Gov. Dean wins D.C. primary

Former Vermont Governor Howard Dean emerged victorious in Tuesday’s non-binding D.C. Democratic primary. Voting rights activists hailed the primary as a success despite the fact that five of the six major candidates chose not to participate.

While acting as a boost to the Dean campaign, the primary also raised awareness of the District’s lack of representation in Congress, said sociologist and pollster Mark David Richards, one of the primary’s main organizers. D.C. has no voting representation in either house of Congress.

“I am absolutely ready to celebrate,” Richards said in an interview Tuesday night.

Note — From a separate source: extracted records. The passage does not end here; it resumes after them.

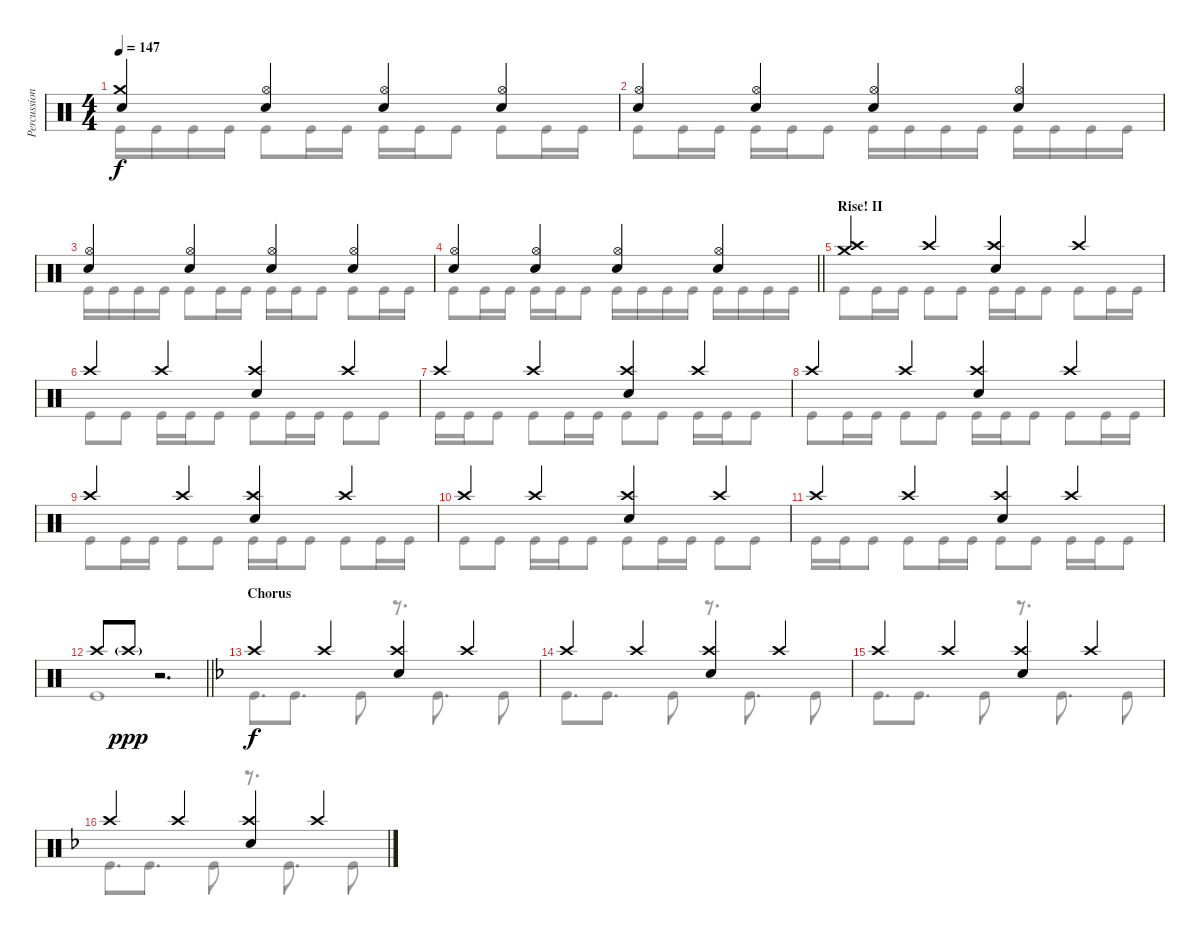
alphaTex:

\track ("Percussion" "Percussion") {instrument percussion}
\staff {score}
\articulation defaults
\voice
\ts (4 4)
\tempo 147
\clef neutral
\ks aminor
("Crash medium (hit)" "Electric Snare (hit)").4{dy f} ("Hi-Hat (open)" "Electric Snare (hit)").4 ("Hi-Hat (open)" "Electric Snare (hit)").4 ("Hi-Hat (open)" "Electric Snare (hit)").4 |
("Hi-Hat (open)" "Electric Snare (hit)").4 ("Hi-Hat (open)" "Electric Snare (hit)").4 ("Hi-Hat (open)" "Electric Snare (hit)").4 ("Hi-Hat (open)" "Electric Snare (hit)").4 |
("Hi-Hat (open)" "Electric Snare (hit)").4 ("Hi-Hat (open)" "Electric Snare (hit)").4 ("Hi-Hat (open)" "Electric Snare (hit)").4 ("Hi-Hat (open)" "Electric Snare (hit)").4 |
\barLineRight lightlight
("Hi-Hat (open)" "Electric Snare (hit)").4 ("Hi-Hat (open)" "Electric Snare (hit)").4 ("Hi-Hat (open)" "Electric Snare (hit)").4 ("Hi-Hat (open)" "Electric Snare (hit)").4 |
\section ("" "Rise! II")
("Crash medium (hit)" "Crash high (hit)").4 "Crash high (hit)".4 ("Crash high (hit)" "Electric Snare (hit)").4 "Crash high (hit)".4 |
"Crash high (hit)".4 "Crash high (hit)".4 ("Crash high (hit)" "Electric Snare (hit)").4 "Crash high (hit)".4 |
"Crash high (hit)".4 "Crash high (hit)".4 ("Crash high (hit)" "Electric Snare (hit)").4 "Crash high (hit)".4 |
"Crash high (hit)".4 "Crash high (hit)".4 ("Crash high (hit)" "Electric Snare (hit)").4 "Crash high (hit)".4 |
"Crash high (hit)".4 "Crash high (hit)".4 ("Crash high (hit)" "Electric Snare (hit)").4 "Crash high (hit)".4 |
"Crash high (hit)".4 "Crash high (hit)".4 ("Crash high (hit)" "Electric Snare (hit)").4 "Crash high (hit)".4 |
"Crash high (hit)".4 "Crash high (hit)".4 ("Crash high (hit)" "Electric Snare (hit)").4 "Crash high (hit)".4 |
\barLineRight lightlight "Crash high (hit)".8 "Crash high (hit)"{g}.8{dy ppp}
r.2{d} |
\section ("" "Chorus")
\ks dminor "Crash high (hit)".4{dy f} "Crash high (hit)".4
("Crash high (hit)" "Electric Snare (hit)").4 "Crash high (hit)".4 |
"Crash high (hit)".4 "Crash high (hit)".4 ("Crash high (hit)" "Electric Snare (hit)").4 "Crash high (hit)".4 |
"Crash high (hit)".4 "Crash high (hit)".4 ("Crash high (hit)" "Electric Snare (hit)").4 "Crash high (hit)".4 |
"Crash high (hit)".4 "Crash high (hit)".4 ("Crash high (hit)" "Electric Snare (hit)").4 "Crash high (hit)".4
\voice
\clef neutral
\ottava regular
\simile none
\ks aminor "Kick (hit)".16{dy f} "Kick (hit)".16 "Kick (hit)".16 "Kick (hit)".16 "Kick (hit)".8 "Kick (hit)".16 "Kick (hit)".16 "Kick (hit)".16 "Kick (hit)".16 "Kick (hit)".8 "Kick (hit)".8 "Kick (hit)".16 "Kick (hit)".16
|
"Kick (hit)".8 "Kick (hit)".16 "Kick (hit)".16 "Kick (hit)".16 "Kick (hit)".16 "Kick (hit)".8 "Kick (hit)".16 "Kick (hit)".16 "Kick (hit)".16 "Kick (hit)".16 "Kick (hit)".16 "Kick (hit)".16 "Kick (hit)".16 "Kick (hit)".16 |
"Kick (hit)".16 "Kick (hit)".16 "Kick (hit)".16 "Kick (hit)".16 "Kick (hit)".8 "Kick (hit)".16 "Kick (hit)".16 "Kick (hit)".16 "Kick (hit)".16 "Kick (hit)".8 "Kick (hit)".8 "Kick (hit)".16 "Kick (hit)".16 |
\barLineRight lightlight "Kick (hit)".8 "Kick (hit)".16 "Kick (hit)".16 "Kick (hit)".16 "Kick (hit)".16 "Kick (hit)".8 "Kick (hit)".16 "Kick (hit)".16 "Kick (hit)".16 "Kick (hit)".16 "Kick (hit)".16 "Kick (hit)".16 "Kick (hit)".16 "Kick (hit)".16
|
"Kick (hit)".8 "Kick (hit)".16 "Kick (hit)".16 "Kick (hit)".8 "Kick (hit)".8 "Kick (hit)".16 "Kick (hit)".16 "Kick (hit)".8 "Kick (hit)".8 "Kick (hit)".16 "Kick (hit)".16 |
"Kick (hit)".8 "Kick (hit)".8 "Kick (hit)".16 "Kick (hit)".16 "Kick (hit)".8 "Kick (hit)".8 "Kick (hit)".16 "Kick (hit)".16 "Kick (hit)".8 "Kick (hit)".8 |
"Kick (hit)".16 "Kick (hit)".16 "Kick (hit)".8 "Kick (hit)".8 "Kick (hit)".16 "Kick (hit)".16 "Kick (hit)".8 "Kick (hit)".8 "Kick (hit)".16 "Kick (hit)".16 "Kick (hit)".8 |
"Kick (hit)".8 "Kick (hit)".16 "Kick (hit)".16 "Kick (hit)".8 "Kick (hit)".8 "Kick (hit)".16 "Kick (hit)".16 "Kick (hit)".8 "Kick (hit)".8 "Kick (hit)".16 "Kick (hit)".16 |
"Kick (hit)".8 "Kick (hit)".16 "Kick (hit)".16 "Kick (hit)".8 "Kick (hit)".8 "Kick (hit)".16 "Kick (hit)".16 "Kick (hit)".8 "Kick (hit)".8 "Kick (hit)".16 "Kick (hit)".16 |
"Kick (hit)".8 "Kick (hit)".8 "Kick (hit)".16 "Kick (hit)".16 "Kick (hit)".8 "Kick (hit)".8 "Kick (hit)".16 "Kick (hit)".16 "Kick (hit)".8 "Kick (hit)".8 |
"Kick (hit)".16 "Kick (hit)".16 "Kick (hit)".8 "Kick (hit)".8 "Kick (hit)".16 "Kick (hit)".16 "Kick (hit)".8 "Kick (hit)".8 "Kick (hit)".16 "Kick (hit)".16 "Kick (hit)".8 |
\barLineRight lightlight "Kick (hit)".1
|
\ks dminor "Kick (hit)".8{d} "Kick (hit)".8{d} "Kick (hit)".8
r.8{d} "Kick (hit)".8{d} "Kick (hit)".8 |
"Kick (hit)".8{d} "Kick (hit)".8{d} "Kick (hit)".8 r.8{d} "Kick (hit)".8{d} "Kick (hit)".8 |
"Kick (hit)".8{d} "Kick (hit)".8{d} "Kick (hit)".8 r.8{d} "Kick (hit)".8{d} "Kick (hit)".8 |
"Kick (hit)".8{d} "Kick (hit)".8{d} "Kick (hit)".8 r.8{d} "Kick (hit)".8{d} "Kick (hit)".8

“Over the year, we tracked over three hundred stories nationally,” said Richards, referring to the attention the primary generated in the media. “If we would have done nothing, we would have zero to five stories.”

With all 142 precincts reporting, Dean, who garnered 43 percent of the vote, beat the Rev. Al Sharpton, who netted 34 percent. Former Sen. Carol Moseley Braun (Ill.) and Rep. Dennis Kucinich (Ohio), the other major democratic candidates on the ballot, finished with 12 percent and 8 percent, respectively. Braun dropped out of the race late Wednesday night and will endorse Dean this week.

According to results compiled by the D.C. Board of Elections and Ethics, 16 percent of registered Democrats in the District voted in the primary.

Bill O’Field, the board’s public information officer, said while the primary caused some minor complications, everything went smoothly.

“We had polling places accessible to disabled voters through new machines and we were experiencing for the first time what that was like,” said O’Field, referring to the use of new electronic machines designed to make voting easier.

Despite voting rights activists’ assertions that the primary generated widespread support for D.C., Tuesday’s events were overshadowed by the Democratic National Committee’s refusal to support a contest that preceded the Iowa caucuses and New Hampshire primary, two events that traditionally signal the start of primary season.

Citing DNC disapproval, Rep. Richard Gephardt (Mo.), former Gen. Wesley Clark and Sens. John Edwards (N.C.), John Kerry (Mass.) and Joseph Lieberman (Conn.) pulled out of the primary in November.

George Peabody, who voted at Saint Mary’s Court, said he was unsure whether it was a good idea for city officials to schedule the primary before the Iowa caucuses, which will take place Monday.

“I’m puzzled. I think it’s irrelevant, but we’ll see if it means anything,” he said.

At the International Monetary Fund building on 19th Street, workers said the turnout was disappointing.

“It’s been terrible compared to other years,” said a female polling worker who declined to be identified. As of 3:30 p.m., only 15 people had voted at the IMF, she said.

Christopher Arterton, a professor at GW’s School of Political Management and an election expert, said the primary was a “pure beauty contest” because it was non-binding and didn’t feature the whole field of candidates.

D.C. voters will go to the polls again Feb. 14 in a binding election.

“In the grand scheme of things it didn’t achieve what it had hoped,” he said.

But he said the primary was a large event and might have some effect on the Democratic nomination process.

“When you have this many people organizing and voting, it is hard to deny that there is some legitimacy to that process,” Arterton said.

Democrats and voting rights activists still consider the primary to be a victory, despite the absence of some candidates.

A. Scott Bolden, chair of the D.C. Democratic Party, said his group was happy with the results.

“From the party’s perspective, we are quite pleased with the turnout because it sends a strong message,” he said.

Bolden added that D.C. Democrats are seeking to have the first binding primary of the 2008 election season.

“It was a historic day for D.C. voting rights activists and for D.C. citizens in general,” he said.

Ilir Zherka, executive director of D.C. Vote, an organization that advocates full representation in Congress, called the primary a “smashing success.”